Paleontological Journal
- Discipline: Paleontology
- Language: English, Russian
- Edited by: Alexei Yu. Rozanov

Publication details
- History: 1959–present
- Publisher: MAIK Nauka/Interperiodica in collaboration with Springer Science+Business Media
- Frequency: Monthly
- Impact factor: 0.454 (2011)

Standard abbreviations
- ISO 4: Paleontol. J.

Indexing
- Paleontological Journal
- ISSN: 0031-0301 (print) 1555-6174 (web)
- LCCN: 72015751
- OCLC no.: 1639478
- Paleontologicheskii Zhurnal
- ISSN: 0031-031X

Links
- Journal page at Springer website (articles from 2006 onwards);

= Paleontological Journal =

Paleontological Journal (Палеонтологический Журнал) is a monthly peer-reviewed Russian journal of paleontology established in 1959. It focuses on the paleontology and the fossil records of Eastern Europe and Asia. Articles are published simultaneously in Russian and English.

The journal is edited by Alexei Yu. Rozanov and published by MAIK Nauka/Interperiodica.

==Editors-in-Chief==

- Acad. Yuri A. Orlov (1959–1966)
- Dr. Vasily E. Ruzhentsev (1967–1978)
- Acad. Leonid P. Tatarinov (1978–1988, 1994–2001)
- Dr.
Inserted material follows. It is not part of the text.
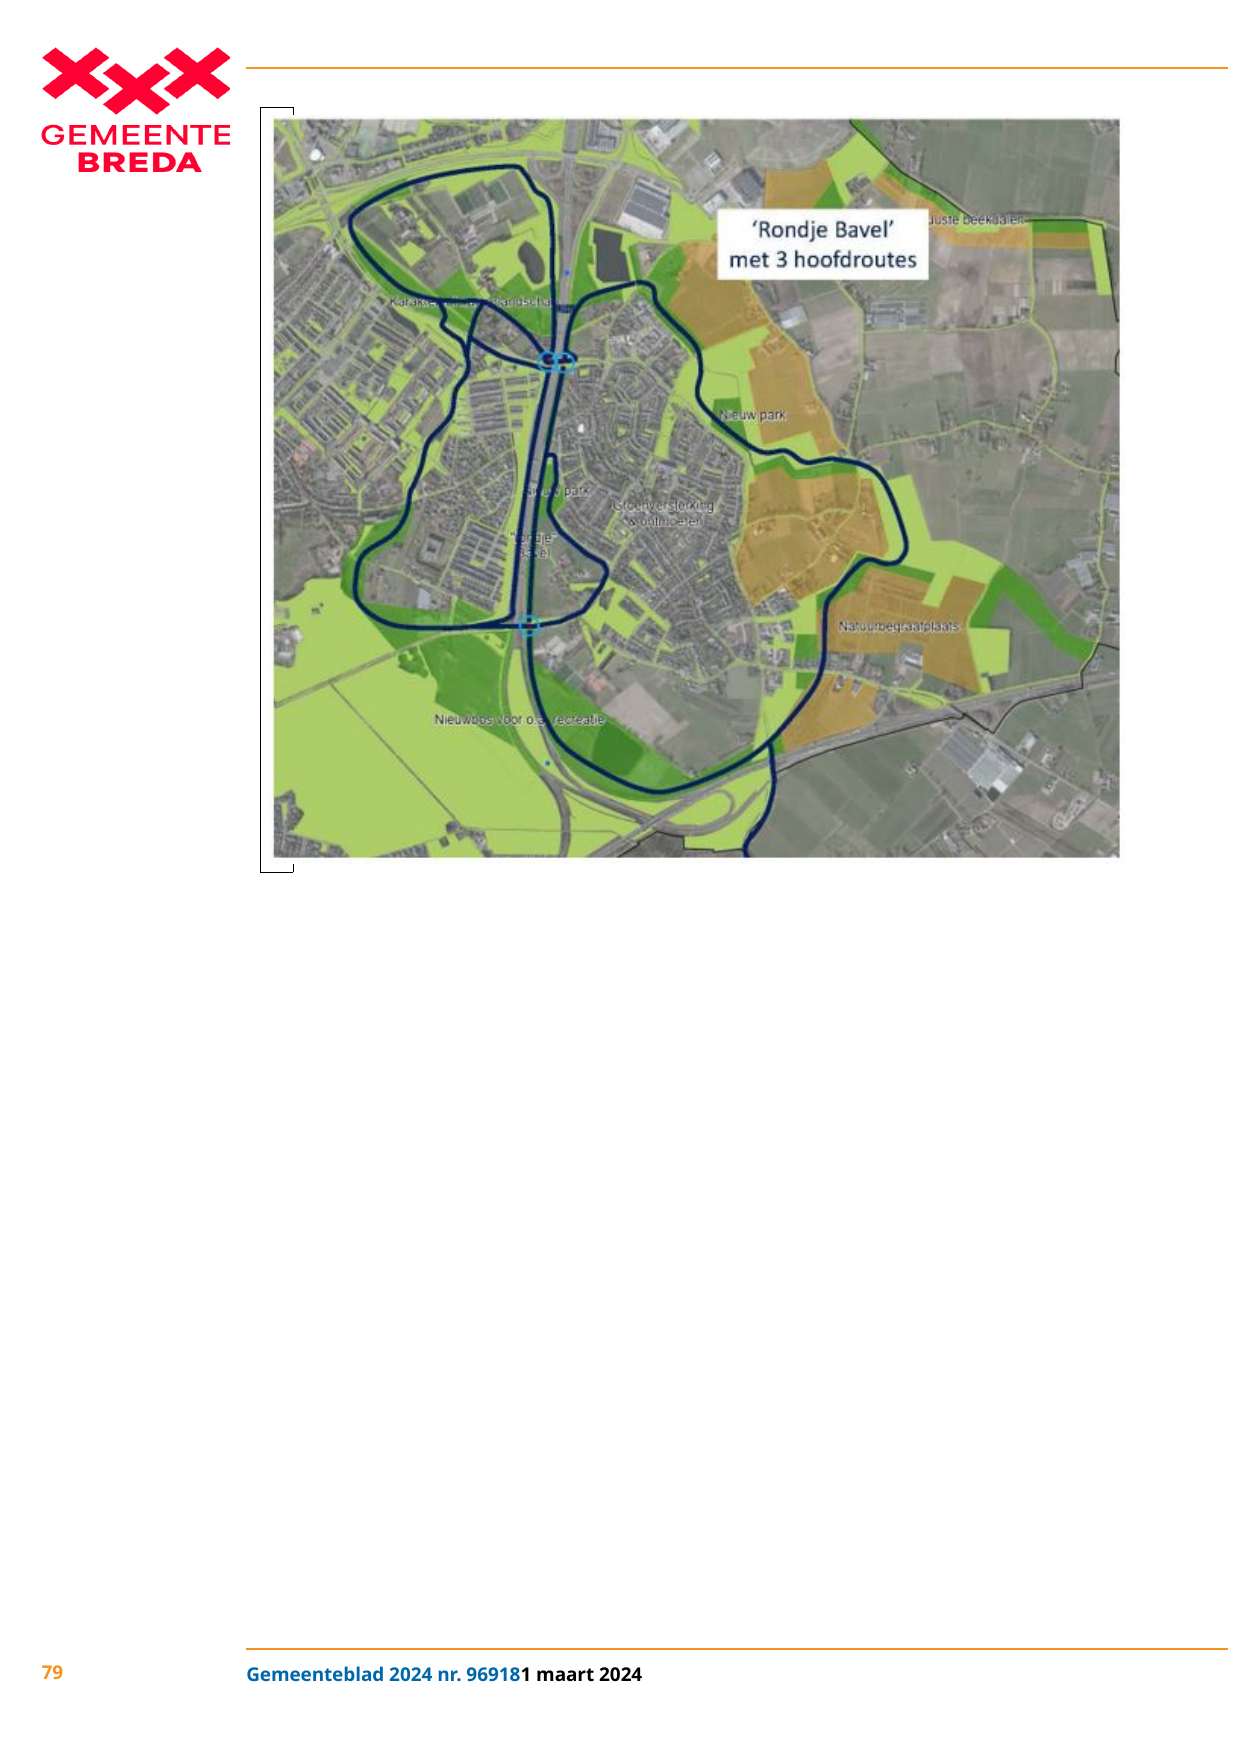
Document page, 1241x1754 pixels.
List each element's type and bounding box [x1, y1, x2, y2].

picture [268, 115, 1125, 864]
picture [41, 47, 231, 172]

Igor S. Barskov (1988–1993)
- Acad. Alexei Yu. Rozanov (since 2001)

==Abstracting and indexing==
Paleonotological Journal is indexed and abstracted in:

- Academic OneFile
- Aquatic Sciences and Fisheries Abstracts
- Biological Abstracts
- BIOSIS Previews
- CAB Abstracts
- CAB International
- CSA/ProQuest
- Current Contents/Physical, Chemical and Earth Sciences
- EMBiology
- Gale
- GeoRef
- Global Health
- Science Citation Index Expanded
- Scopus
- Summon by Serial Solutions

According to the Journal Citation Reports, the journal has a 2011 impact factor of 0.454.